Other studies have documented bilateral symmetric white matter injury in anoxic injury in adults, which may extend to involve cortex (75). Bilateral symmetric white matter injury with areas of cortical involvement with relative sparing of the deep-gray nuclei have been reported in infants and young children (6). In these cases the white matter injury appears as diffuse decreased diffusivity throughout the white matter that can be delayed for approximately two days after presenting with respiratory arrest (Fig. 19.20). These findings are similar to adult reports of delayed post-hypoxic leukoencephalopathy that have been observed between 2 and 40 days after an anoxic episode (76).
Figure 19.20 Anoxic brain injury in a seven-month-old infant. Axial T2 TSE (A), axial DWI (B), and axial ADC map (C), illustrate subtle increased T2 signal in A, marked increased signal in B, and marked decreased signal in C throughout the white matter (arrows) four days after severe respiratory distress. In addition bilateral subdural collections are present with recent blood products posteriorly seen on additional images not shown here. The lack of a relevant history raised concern for abuse. The SS was normal. Preretinal, intraretinal, and subretinal hemorrhages were identified and increased concern for abuse. The authorities were notified and the CPT was involved.
Strangulation
Strangulation occurs when external pressure decreases carotid artery perfusion to the brain, thus depriving the brain of oxygen and blood flow. Occlusion of the carotid arteries can lead to significant cerebral injury or death because the vertebral arteries alone cannot provide sufficient blood flow to immediately compensate for lack of carotid supply (77). In addition, if there is sufficient jugular vein compression, cerebral swelling and hemorrhage can occur, and tracheal compression may compromise oxygen supply. Reports of imaging patterns are scarce and primarily limited to the adolescent or adult population in the context of near-hanging, where bilateral basal ganglia and caudate involvement similar to cardiac arrest have been reported with a case presenting six days after the event (Fig. 19.21) (78, 79). In 1987, a CT study of three infants with abuse and strangulation injuries reported large territorial infarcts and small subdural hematomas (SDHs) (80). No other studies addressing the imaging findings and evolution of strangulation injuries in the immature brain were found.

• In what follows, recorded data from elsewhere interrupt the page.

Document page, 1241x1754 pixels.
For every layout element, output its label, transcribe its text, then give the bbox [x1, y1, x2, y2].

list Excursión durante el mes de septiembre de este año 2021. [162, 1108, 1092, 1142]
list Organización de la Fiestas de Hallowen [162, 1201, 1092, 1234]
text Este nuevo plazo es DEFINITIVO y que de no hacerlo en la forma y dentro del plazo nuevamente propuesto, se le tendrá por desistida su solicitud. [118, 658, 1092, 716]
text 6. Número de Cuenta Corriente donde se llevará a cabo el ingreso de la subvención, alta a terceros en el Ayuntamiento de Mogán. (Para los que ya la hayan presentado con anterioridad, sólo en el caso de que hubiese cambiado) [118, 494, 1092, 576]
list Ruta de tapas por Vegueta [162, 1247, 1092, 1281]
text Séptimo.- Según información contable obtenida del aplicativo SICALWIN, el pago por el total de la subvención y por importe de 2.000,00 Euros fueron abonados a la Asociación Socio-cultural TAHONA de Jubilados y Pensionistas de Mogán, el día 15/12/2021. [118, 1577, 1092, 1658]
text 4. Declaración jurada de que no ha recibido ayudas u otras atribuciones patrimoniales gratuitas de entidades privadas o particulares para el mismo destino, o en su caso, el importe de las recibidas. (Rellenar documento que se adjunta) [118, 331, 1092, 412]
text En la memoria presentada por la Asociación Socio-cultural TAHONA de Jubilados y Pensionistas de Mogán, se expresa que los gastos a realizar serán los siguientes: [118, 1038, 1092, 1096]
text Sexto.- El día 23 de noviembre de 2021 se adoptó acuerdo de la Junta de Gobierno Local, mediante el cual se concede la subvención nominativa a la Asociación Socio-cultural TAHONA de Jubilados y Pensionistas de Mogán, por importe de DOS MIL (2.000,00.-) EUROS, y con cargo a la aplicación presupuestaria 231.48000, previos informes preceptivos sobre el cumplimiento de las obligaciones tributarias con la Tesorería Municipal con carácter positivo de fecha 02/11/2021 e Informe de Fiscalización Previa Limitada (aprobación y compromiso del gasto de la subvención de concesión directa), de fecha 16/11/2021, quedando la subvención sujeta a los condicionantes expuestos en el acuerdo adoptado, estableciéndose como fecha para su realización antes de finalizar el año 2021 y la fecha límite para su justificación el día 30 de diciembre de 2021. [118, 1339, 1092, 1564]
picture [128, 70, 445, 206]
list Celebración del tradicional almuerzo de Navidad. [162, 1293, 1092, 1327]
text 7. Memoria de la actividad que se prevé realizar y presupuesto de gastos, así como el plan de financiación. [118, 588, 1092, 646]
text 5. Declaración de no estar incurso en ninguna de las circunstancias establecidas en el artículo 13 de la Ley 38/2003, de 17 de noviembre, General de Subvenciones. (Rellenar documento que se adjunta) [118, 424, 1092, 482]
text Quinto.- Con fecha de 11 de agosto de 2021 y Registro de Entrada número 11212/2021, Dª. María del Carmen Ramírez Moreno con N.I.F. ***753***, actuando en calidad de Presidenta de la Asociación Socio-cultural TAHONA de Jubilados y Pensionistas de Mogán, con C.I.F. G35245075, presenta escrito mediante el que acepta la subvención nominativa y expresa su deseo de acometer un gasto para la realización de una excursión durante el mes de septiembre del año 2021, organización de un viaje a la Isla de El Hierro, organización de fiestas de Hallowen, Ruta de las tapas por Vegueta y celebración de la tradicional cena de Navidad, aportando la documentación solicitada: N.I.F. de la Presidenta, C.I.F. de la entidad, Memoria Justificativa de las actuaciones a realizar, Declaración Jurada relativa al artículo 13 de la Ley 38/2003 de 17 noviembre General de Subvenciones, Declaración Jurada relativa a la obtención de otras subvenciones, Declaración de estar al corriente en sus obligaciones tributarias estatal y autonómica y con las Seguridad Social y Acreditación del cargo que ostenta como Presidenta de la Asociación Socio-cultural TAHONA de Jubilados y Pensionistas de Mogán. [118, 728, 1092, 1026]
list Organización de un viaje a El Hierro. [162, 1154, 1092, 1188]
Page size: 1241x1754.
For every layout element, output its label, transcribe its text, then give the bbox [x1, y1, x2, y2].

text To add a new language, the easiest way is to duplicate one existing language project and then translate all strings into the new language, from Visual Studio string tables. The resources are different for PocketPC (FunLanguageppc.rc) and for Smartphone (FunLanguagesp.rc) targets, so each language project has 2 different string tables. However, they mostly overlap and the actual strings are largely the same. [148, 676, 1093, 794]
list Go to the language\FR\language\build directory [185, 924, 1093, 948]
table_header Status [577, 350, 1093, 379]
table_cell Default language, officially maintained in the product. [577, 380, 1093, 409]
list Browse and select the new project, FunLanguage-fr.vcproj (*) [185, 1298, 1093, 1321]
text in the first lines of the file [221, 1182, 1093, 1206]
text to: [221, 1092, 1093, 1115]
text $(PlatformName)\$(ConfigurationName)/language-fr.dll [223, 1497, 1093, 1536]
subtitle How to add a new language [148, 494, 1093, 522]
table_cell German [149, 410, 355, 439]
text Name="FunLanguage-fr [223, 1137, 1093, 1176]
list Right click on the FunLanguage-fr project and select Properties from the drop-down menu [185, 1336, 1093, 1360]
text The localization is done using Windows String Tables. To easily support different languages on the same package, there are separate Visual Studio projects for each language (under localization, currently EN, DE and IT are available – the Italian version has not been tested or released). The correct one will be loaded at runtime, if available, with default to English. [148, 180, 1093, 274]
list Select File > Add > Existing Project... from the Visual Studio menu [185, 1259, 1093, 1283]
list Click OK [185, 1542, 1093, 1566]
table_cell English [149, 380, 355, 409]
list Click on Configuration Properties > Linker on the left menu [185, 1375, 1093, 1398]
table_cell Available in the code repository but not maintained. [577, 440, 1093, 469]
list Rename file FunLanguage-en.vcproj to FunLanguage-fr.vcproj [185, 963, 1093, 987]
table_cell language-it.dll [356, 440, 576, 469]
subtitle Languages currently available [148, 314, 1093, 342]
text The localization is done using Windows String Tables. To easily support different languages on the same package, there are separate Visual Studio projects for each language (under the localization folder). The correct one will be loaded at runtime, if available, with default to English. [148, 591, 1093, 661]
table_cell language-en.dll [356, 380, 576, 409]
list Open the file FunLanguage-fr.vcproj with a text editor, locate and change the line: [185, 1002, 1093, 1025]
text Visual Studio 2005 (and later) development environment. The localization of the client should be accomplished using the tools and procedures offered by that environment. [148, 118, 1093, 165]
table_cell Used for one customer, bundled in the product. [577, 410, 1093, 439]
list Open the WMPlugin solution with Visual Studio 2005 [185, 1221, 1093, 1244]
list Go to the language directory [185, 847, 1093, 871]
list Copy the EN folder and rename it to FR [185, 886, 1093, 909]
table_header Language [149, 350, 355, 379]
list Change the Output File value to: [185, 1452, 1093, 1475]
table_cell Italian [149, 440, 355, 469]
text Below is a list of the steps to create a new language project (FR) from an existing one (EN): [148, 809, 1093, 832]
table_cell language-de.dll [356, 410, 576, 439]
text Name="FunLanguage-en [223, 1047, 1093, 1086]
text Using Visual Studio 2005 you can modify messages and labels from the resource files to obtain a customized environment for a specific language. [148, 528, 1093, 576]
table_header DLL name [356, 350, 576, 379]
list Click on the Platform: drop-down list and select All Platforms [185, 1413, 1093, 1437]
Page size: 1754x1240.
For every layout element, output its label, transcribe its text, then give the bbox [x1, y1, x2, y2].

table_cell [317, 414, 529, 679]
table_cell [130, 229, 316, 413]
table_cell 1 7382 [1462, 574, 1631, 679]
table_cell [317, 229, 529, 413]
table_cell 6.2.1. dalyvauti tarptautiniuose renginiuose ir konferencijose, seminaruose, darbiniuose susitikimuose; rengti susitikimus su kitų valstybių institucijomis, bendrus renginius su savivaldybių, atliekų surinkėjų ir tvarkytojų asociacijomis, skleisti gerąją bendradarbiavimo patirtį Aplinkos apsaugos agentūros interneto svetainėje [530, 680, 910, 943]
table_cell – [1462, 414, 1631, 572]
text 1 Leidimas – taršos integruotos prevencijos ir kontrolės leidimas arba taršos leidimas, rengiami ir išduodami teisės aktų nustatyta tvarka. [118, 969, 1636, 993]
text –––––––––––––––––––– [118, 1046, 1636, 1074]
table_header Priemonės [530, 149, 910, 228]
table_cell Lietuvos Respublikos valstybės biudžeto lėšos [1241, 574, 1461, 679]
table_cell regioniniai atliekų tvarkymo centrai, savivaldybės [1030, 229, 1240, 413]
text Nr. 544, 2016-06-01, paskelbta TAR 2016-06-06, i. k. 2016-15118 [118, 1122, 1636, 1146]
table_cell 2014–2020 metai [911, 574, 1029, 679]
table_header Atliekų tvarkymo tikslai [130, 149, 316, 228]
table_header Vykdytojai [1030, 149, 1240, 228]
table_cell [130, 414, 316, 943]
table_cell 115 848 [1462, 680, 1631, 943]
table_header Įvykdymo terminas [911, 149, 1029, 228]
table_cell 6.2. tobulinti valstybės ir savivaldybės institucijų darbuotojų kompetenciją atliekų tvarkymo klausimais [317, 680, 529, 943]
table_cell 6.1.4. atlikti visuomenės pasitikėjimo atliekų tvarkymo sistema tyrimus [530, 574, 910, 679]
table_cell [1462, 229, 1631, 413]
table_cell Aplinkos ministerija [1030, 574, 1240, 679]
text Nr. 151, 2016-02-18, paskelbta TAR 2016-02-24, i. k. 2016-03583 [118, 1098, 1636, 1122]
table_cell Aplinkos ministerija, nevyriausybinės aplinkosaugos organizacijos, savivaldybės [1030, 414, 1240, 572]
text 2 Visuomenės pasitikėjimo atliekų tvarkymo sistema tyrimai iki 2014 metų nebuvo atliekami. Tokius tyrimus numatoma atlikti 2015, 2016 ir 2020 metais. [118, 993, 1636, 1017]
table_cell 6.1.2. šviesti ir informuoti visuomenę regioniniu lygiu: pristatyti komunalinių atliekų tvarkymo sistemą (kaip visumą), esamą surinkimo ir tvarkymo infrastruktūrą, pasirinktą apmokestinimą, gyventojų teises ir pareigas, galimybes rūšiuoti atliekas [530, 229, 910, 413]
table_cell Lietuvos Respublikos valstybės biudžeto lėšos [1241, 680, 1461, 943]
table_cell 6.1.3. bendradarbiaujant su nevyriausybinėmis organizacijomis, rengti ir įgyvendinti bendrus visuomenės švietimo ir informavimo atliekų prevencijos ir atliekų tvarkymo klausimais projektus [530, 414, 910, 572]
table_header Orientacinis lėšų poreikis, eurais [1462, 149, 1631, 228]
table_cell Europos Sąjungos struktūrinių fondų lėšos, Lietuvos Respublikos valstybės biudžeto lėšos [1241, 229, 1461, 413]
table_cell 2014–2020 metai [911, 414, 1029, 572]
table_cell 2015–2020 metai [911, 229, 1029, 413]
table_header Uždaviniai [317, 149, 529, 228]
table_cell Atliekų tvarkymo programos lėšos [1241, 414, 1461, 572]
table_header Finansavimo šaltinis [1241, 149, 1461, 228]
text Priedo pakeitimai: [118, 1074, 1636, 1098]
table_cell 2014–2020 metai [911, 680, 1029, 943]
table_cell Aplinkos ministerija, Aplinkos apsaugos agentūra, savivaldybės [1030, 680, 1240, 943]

Figure 19.21 Acute MRI after near-hanging in a 12-year-old boy. This child was found by his brother in his closet with his belt around his neck. When emergency services arrived the child had severe cardiorespiratory compromise. The MRI was performed three days after admission. A, Axial T2 TSE shows deep-gray nuclei and posterior temporal and occipital cortical edema and swelling. B, Axial DWI showing associated increased signal that corresponded to decreased mean diffusivity on the ADC map (not shown). C, Axial ASL showing posterior and right frontal hyperperfusion (arrows). Imaging findings in this case are similar to cardiac arrest, probably due to severe cardiorespiratory compromise.